*** DATA PROVIDED

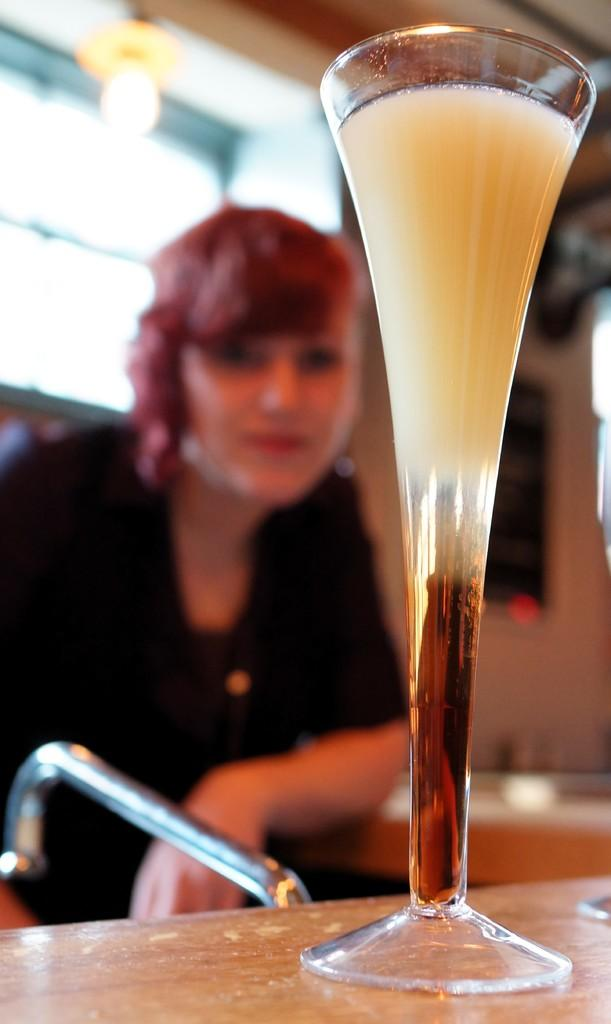What is the person in the image doing? The person is sitting on a seating stool. What is in front of the person? There is a table in front of the person. What can be seen on the table? There is a beverage glass on the table. What type of pies can be seen on the bridge in the image? There is no bridge or pies present in the image. 
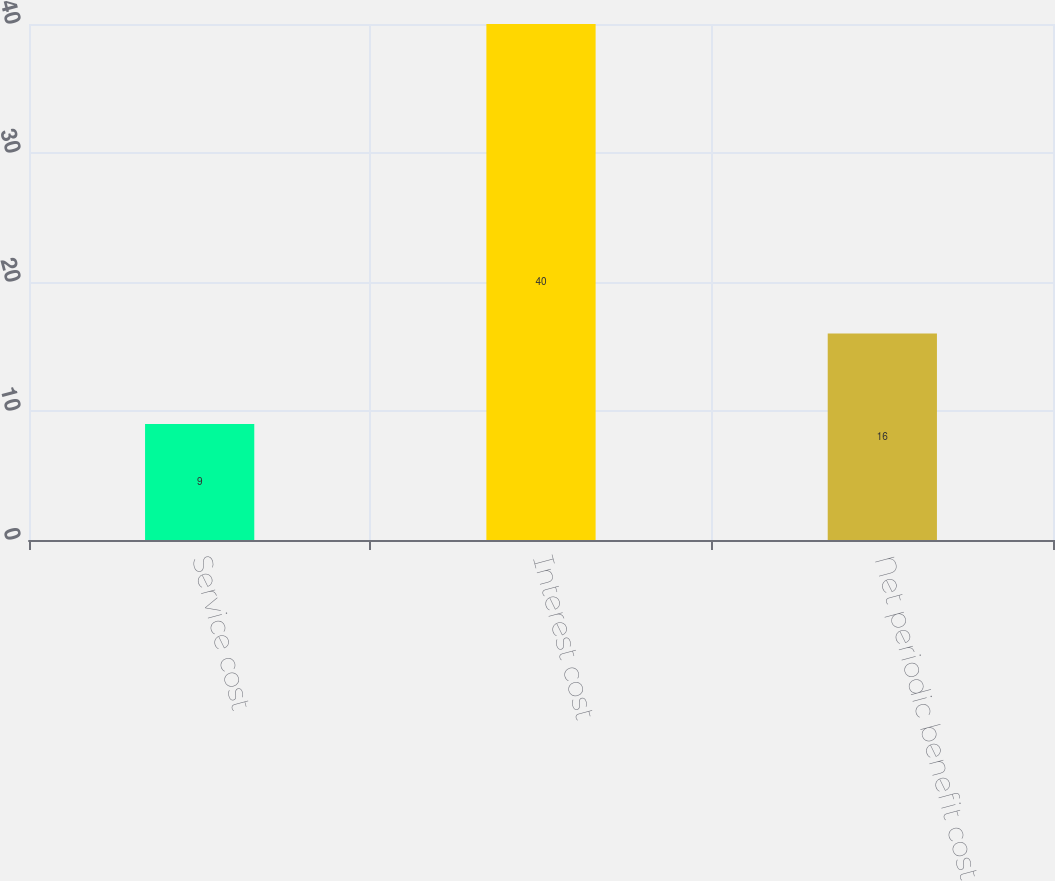<chart> <loc_0><loc_0><loc_500><loc_500><bar_chart><fcel>Service cost<fcel>Interest cost<fcel>Net periodic benefit cost<nl><fcel>9<fcel>40<fcel>16<nl></chart> 
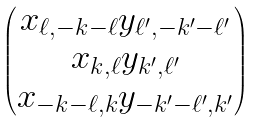Convert formula to latex. <formula><loc_0><loc_0><loc_500><loc_500>\begin{pmatrix} x _ { \ell , - k - \ell } y _ { \ell ^ { \prime } , - k ^ { \prime } - \ell ^ { \prime } } \\ x _ { k , \ell } y _ { k ^ { \prime } , \ell ^ { \prime } } \\ x _ { - k - \ell , k } y _ { - k ^ { \prime } - \ell ^ { \prime } , k ^ { \prime } } \\ \end{pmatrix}</formula> 
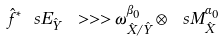Convert formula to latex. <formula><loc_0><loc_0><loc_500><loc_500>\hat { f } ^ { * } \ s E _ { \hat { Y } } \ > > > \omega _ { \hat { X } / \hat { Y } } ^ { \beta _ { 0 } } \otimes \ s M ^ { \alpha _ { 0 } } _ { \hat { X } }</formula> 
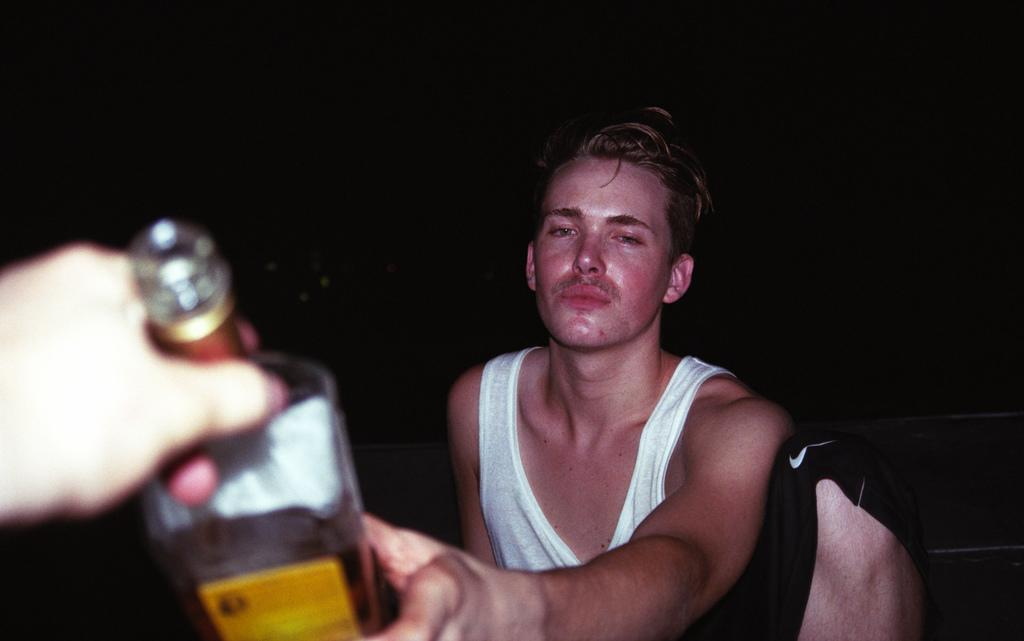Who or what is the main subject in the image? There is a person in the image. What is the person holding in the image? The person is holding a wine bottle. What color is the background of the image? The background of the image is black. What is the person wearing in the image? The person is wearing a black short. What type of plants can be seen growing on the person's head in the image? There are no plants visible on the person's head in the image. 
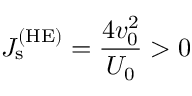Convert formula to latex. <formula><loc_0><loc_0><loc_500><loc_500>J _ { s } ^ { ( H E ) } = \frac { 4 v _ { 0 } ^ { 2 } } { U _ { 0 } } > 0</formula> 
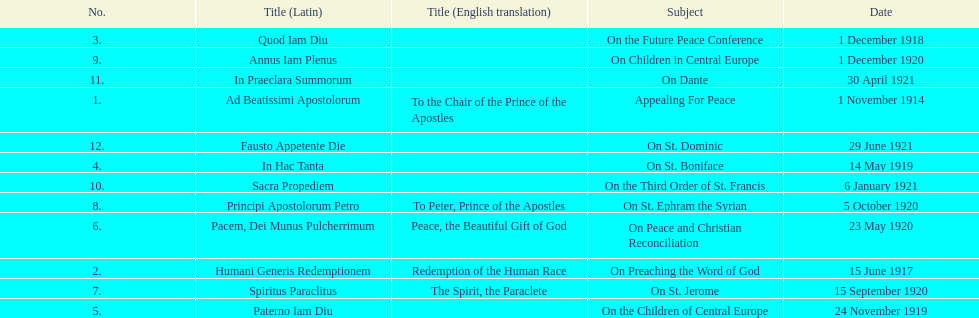Other than january how many encyclicals were in 1921? 2. 
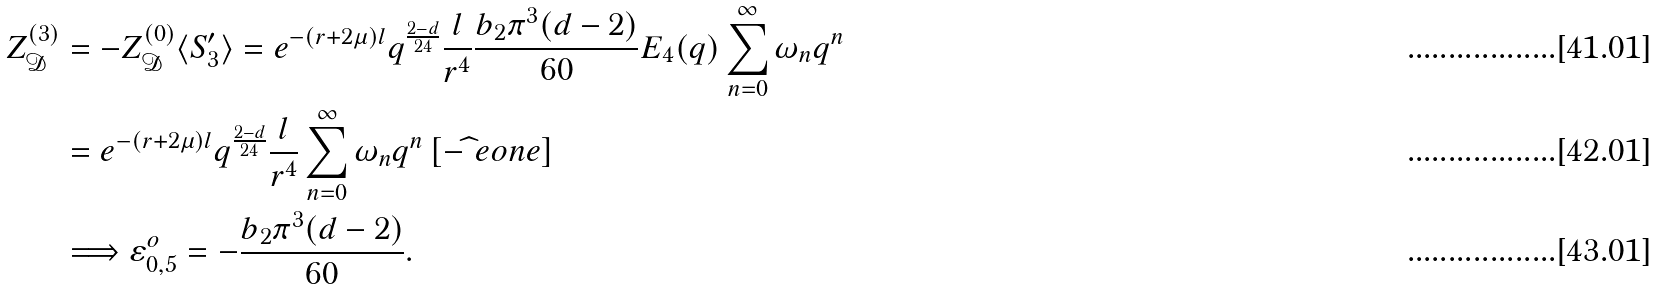<formula> <loc_0><loc_0><loc_500><loc_500>Z _ { \mathcal { D } } ^ { ( 3 ) } & = - Z _ { \mathcal { D } } ^ { ( 0 ) } \langle S ^ { \prime } _ { 3 } \rangle = e ^ { - ( r + 2 \mu ) l } q ^ { \frac { 2 - d } { 2 4 } } \frac { l } { r ^ { 4 } } \frac { b _ { 2 } \pi ^ { 3 } ( d - 2 ) } { 6 0 } E _ { 4 } ( q ) \sum _ { n = 0 } ^ { \infty } \omega _ { n } q ^ { n } \\ & = e ^ { - ( r + 2 \mu ) l } q ^ { \frac { 2 - d } { 2 4 } } \frac { l } { r ^ { 4 } } \sum _ { n = 0 } ^ { \infty } \omega _ { n } q ^ { n } \left [ - \widehat { \ } e o n e \right ] \\ & \Longrightarrow \varepsilon ^ { o } _ { 0 , 5 } = - \frac { b _ { 2 } \pi ^ { 3 } ( d - 2 ) } { 6 0 } .</formula>

******

HOW TO COMPLETE THIS TASK:
Hand back the exact lines from the start of the entries to the line with "to latex. <formula><loc_0><loc_0><loc_500><loc_500>\hat", both ends kept and pictures left out.

TASK SOLUTION:
What is the person in the image doing? The person is sitting on a seating stool. What is in front of the person? There is a table in front of the person. What can be seen on the table? There is a beverage glass on the table. What type of pies can be seen on the bridge in the image? There is no bridge or pies present in the image. 
<chart> <loc_0><loc_0><loc_500><loc_500><bar_chart><fcel>Service cost<fcel>Interest cost<fcel>Net periodic benefit cost<nl><fcel>9<fcel>40<fcel>16<nl></chart> 
Convert formula to latex. <formula><loc_0><loc_0><loc_500><loc_500>\begin{pmatrix} x _ { \ell , - k - \ell } y _ { \ell ^ { \prime } , - k ^ { \prime } - \ell ^ { \prime } } \\ x _ { k , \ell } y _ { k ^ { \prime } , \ell ^ { \prime } } \\ x _ { - k - \ell , k } y _ { - k ^ { \prime } - \ell ^ { \prime } , k ^ { \prime } } \\ \end{pmatrix}</formula> 
Convert formula to latex. <formula><loc_0><loc_0><loc_500><loc_500>\hat { f } ^ { * } \ s E _ { \hat { Y } } \ > > > \omega _ { \hat { X } / \hat { Y } } ^ { \beta _ { 0 } } \otimes \ s M ^ { \alpha _ { 0 } } _ { \hat { X } }</formula> 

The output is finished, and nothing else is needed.